Data items

┌──

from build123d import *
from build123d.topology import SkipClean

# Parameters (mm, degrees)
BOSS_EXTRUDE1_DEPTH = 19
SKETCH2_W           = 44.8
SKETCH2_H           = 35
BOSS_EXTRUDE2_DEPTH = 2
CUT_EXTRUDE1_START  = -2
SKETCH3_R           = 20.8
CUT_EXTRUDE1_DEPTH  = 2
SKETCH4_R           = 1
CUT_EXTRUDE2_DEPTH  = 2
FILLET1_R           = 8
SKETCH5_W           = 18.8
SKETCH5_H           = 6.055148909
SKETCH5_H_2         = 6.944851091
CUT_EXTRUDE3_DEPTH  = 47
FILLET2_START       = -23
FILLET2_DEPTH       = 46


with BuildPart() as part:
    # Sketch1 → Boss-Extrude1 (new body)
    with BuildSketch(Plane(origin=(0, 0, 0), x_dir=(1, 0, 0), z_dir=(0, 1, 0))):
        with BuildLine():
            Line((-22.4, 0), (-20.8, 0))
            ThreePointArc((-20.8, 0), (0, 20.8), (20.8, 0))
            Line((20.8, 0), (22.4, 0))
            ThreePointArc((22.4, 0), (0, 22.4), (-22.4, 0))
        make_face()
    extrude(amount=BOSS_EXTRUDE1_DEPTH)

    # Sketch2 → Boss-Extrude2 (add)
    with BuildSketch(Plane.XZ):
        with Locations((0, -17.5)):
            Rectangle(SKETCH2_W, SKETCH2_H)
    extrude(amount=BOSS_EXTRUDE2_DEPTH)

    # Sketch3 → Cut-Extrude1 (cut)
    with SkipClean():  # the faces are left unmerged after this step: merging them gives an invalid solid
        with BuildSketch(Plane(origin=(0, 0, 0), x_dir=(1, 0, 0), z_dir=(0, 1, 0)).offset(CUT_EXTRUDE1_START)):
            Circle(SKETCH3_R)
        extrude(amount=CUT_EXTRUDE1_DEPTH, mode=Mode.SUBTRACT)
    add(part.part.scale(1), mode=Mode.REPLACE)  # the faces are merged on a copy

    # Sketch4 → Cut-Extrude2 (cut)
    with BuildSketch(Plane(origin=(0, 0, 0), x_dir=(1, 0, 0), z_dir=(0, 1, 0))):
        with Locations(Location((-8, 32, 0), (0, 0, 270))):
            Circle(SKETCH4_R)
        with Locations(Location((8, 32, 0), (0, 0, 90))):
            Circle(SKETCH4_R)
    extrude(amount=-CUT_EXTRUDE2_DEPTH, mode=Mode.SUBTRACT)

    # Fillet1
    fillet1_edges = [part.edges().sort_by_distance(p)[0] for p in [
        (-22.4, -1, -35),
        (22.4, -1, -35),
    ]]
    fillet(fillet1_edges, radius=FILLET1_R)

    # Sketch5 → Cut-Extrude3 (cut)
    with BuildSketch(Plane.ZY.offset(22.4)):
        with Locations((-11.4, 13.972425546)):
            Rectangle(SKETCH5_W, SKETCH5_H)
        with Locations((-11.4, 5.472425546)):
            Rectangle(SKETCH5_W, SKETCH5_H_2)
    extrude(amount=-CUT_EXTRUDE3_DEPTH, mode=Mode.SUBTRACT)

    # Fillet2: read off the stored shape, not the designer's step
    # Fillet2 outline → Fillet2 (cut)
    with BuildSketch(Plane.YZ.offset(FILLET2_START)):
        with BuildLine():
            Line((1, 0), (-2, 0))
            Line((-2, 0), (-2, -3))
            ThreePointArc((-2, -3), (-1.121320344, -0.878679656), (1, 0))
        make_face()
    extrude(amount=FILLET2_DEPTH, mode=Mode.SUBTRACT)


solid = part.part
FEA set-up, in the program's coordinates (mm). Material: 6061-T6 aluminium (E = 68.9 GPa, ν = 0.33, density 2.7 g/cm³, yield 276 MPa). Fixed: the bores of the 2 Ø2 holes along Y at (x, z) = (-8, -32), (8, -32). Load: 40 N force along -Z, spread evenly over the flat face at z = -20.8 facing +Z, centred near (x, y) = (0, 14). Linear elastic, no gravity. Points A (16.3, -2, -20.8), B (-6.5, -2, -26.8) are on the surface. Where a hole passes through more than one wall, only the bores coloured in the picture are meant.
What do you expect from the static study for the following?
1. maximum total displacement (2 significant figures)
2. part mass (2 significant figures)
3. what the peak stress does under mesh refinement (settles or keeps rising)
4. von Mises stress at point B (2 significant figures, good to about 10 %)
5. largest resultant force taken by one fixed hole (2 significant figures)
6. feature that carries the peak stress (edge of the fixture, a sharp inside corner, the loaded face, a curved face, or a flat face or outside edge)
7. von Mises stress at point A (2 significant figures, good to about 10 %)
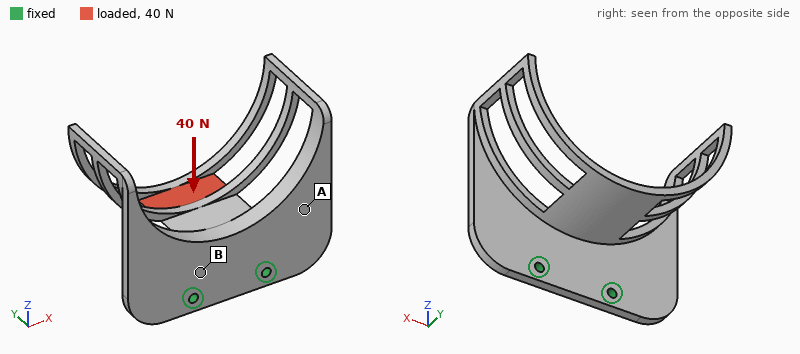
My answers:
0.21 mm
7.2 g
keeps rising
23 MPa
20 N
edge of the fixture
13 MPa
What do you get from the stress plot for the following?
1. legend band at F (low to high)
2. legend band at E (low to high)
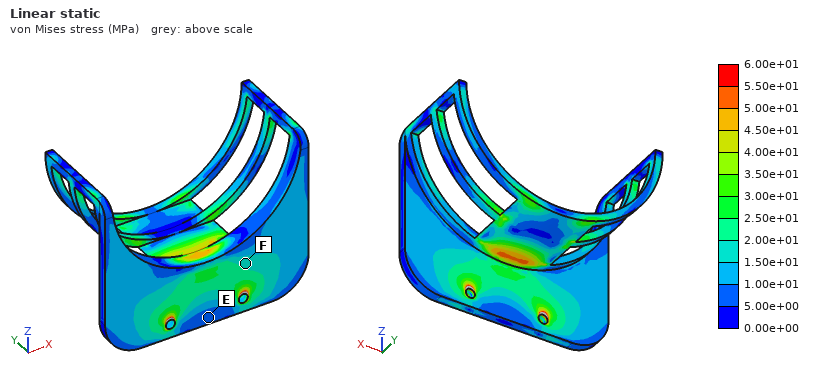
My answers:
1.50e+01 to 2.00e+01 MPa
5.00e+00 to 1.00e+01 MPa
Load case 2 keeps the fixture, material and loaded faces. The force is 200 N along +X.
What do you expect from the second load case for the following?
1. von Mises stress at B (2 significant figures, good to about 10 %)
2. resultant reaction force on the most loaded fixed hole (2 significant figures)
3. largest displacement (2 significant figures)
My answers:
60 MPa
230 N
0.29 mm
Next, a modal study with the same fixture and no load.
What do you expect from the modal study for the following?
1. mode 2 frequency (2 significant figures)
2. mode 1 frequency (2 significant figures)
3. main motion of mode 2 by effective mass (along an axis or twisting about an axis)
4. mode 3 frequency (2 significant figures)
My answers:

└──

### PROBLEM TO SOLVE
Each record above should be returned unchanged, except that the pictures are dropped.

### ANSWER FOR THE TASK
from build123d import *
from build123d.topology import SkipClean

# Parameters (mm, degrees)
BOSS_EXTRUDE1_DEPTH = 19
SKETCH2_W           = 44.8
SKETCH2_H           = 35
BOSS_EXTRUDE2_DEPTH = 2
CUT_EXTRUDE1_START  = -2
SKETCH3_R           = 20.8
CUT_EXTRUDE1_DEPTH  = 2
SKETCH4_R           = 1
CUT_EXTRUDE2_DEPTH  = 2
FILLET1_R           = 8
SKETCH5_W           = 18.8
SKETCH5_H           = 6.055148909
SKETCH5_H_2         = 6.944851091
CUT_EXTRUDE3_DEPTH  = 47
FILLET2_START       = -23
FILLET2_DEPTH       = 46


with BuildPart() as part:
    # Sketch1 → Boss-Extrude1 (new body)
    with BuildSketch(Plane(origin=(0, 0, 0), x_dir=(1, 0, 0), z_dir=(0, 1, 0))):
        with BuildLine():
            Line((-22.4, 0), (-20.8, 0))
            ThreePointArc((-20.8, 0), (0, 20.8), (20.8, 0))
            Line((20.8, 0), (22.4, 0))
            ThreePointArc((22.4, 0), (0, 22.4), (-22.4, 0))
        make_face()
    extrude(amount=BOSS_EXTRUDE1_DEPTH)

    # Sketch2 → Boss-Extrude2 (add)
    with BuildSketch(Plane.XZ):
        with Locations((0, -17.5)):
            Rectangle(SKETCH2_W, SKETCH2_H)
    extrude(amount=BOSS_EXTRUDE2_DEPTH)

    # Sketch3 → Cut-Extrude1 (cut)
    with SkipClean():  # the faces are left unmerged after this step: merging them gives an invalid solid
        with BuildSketch(Plane(origin=(0, 0, 0), x_dir=(1, 0, 0), z_dir=(0, 1, 0)).offset(CUT_EXTRUDE1_START)):
            Circle(SKETCH3_R)
        extrude(amount=CUT_EXTRUDE1_DEPTH, mode=Mode.SUBTRACT)
    add(part.part.scale(1), mode=Mode.REPLACE)  # the faces are merged on a copy

    # Sketch4 → Cut-Extrude2 (cut)
    with BuildSketch(Plane(origin=(0, 0, 0), x_dir=(1, 0, 0), z_dir=(0, 1, 0))):
        with Locations(Location((-8, 32, 0), (0, 0, 270))):
            Circle(SKETCH4_R)
        with Locations(Location((8, 32, 0), (0, 0, 90))):
            Circle(SKETCH4_R)
    extrude(amount=-CUT_EXTRUDE2_DEPTH, mode=Mode.SUBTRACT)

    # Fillet1
    fillet1_edges = [part.edges().sort_by_distance(p)[0] for p in [
        (-22.4, -1, -35),
        (22.4, -1, -35),
    ]]
    fillet(fillet1_edges, radius=FILLET1_R)

    # Sketch5 → Cut-Extrude3 (cut)
    with BuildSketch(Plane.ZY.offset(22.4)):
        with Locations((-11.4, 13.972425546)):
            Rectangle(SKETCH5_W, SKETCH5_H)
        with Locations((-11.4, 5.472425546)):
            Rectangle(SKETCH5_W, SKETCH5_H_2)
    extrude(amount=-CUT_EXTRUDE3_DEPTH, mode=Mode.SUBTRACT)

    # Fillet2: read off the stored shape, not the designer's step
    # Fillet2 outline → Fillet2 (cut)
    with BuildSketch(Plane.YZ.offset(FILLET2_START)):
        with BuildLine():
            Line((1, 0), (-2, 0))
            Line((-2, 0), (-2, -3))
            ThreePointArc((-2, -3), (-1.121320344, -0.878679656), (1, 0))
        make_face()
    extrude(amount=FILLET2_DEPTH, mode=Mode.SUBTRACT)


solid = part.part
FEA set-up, in the program's coordinates (mm). Material: 6061-T6 aluminium (E = 68.9 GPa, ν = 0.33, density 2.7 g/cm³, yield 276 MPa). Fixed: the bores of the 2 Ø2 holes along Y at (x, z) = (-8, -32), (8, -32). Load: 40 N force along -Z, spread evenly over the flat face at z = -20.8 facing +Z, centred near (x, y) = (0, 14). Linear elastic, no gravity. Points A (16.3, -2, -20.8), B (-6.5, -2, -26.8) are on the surface. Where a hole passes through more than one wall, only the bores coloured in the picture are meant.
What do you expect from the static study for the following?
1. maximum total displacement (2 significant figures)
2. part mass (2 significant figures)
3. what the peak stress does under mesh refinement (settles or keeps rising)
4. von Mises stress at point B (2 significant figures, good to about 10 %)
5. largest resultant force taken by one fixed hole (2 significant figures)
6. feature that carries the peak stress (edge of the fixture, a sharp inside corner, the loaded face, a curved face, or a flat face or outside edge)
7. von Mises stress at point A (2 significant figures, good to about 10 %)
My answers:
0.21 mm
7.2 g
keeps rising
23 MPa
20 N
edge of the fixture
13 MPa
What do you get from the stress plot for the following?
1. legend band at F (low to high)
2. legend band at E (low to high)
My answers:
1.50e+01 to 2.00e+01 MPa
5.00e+00 to 1.00e+01 MPa
Load case 2 keeps the fixture, material and loaded faces. The force is 200 N along +X.
What do you expect from the second load case for the following?
1. von Mises stress at B (2 significant figures, good to about 10 %)
2. resultant reaction force on the most loaded fixed hole (2 significant figures)
3. largest displacement (2 significant figures)
My answers:
60 MPa
230 N
0.29 mm
Next, a modal study with the same fixture and no load.
What do you expect from the modal study for the following?
1. mode 2 frequency (2 significant figures)
2. mode 1 frequency (2 significant figures)
3. main motion of mode 2 by effective mass (along an axis or twisting about an axis)
4. mode 3 frequency (2 significant figures)
My answers:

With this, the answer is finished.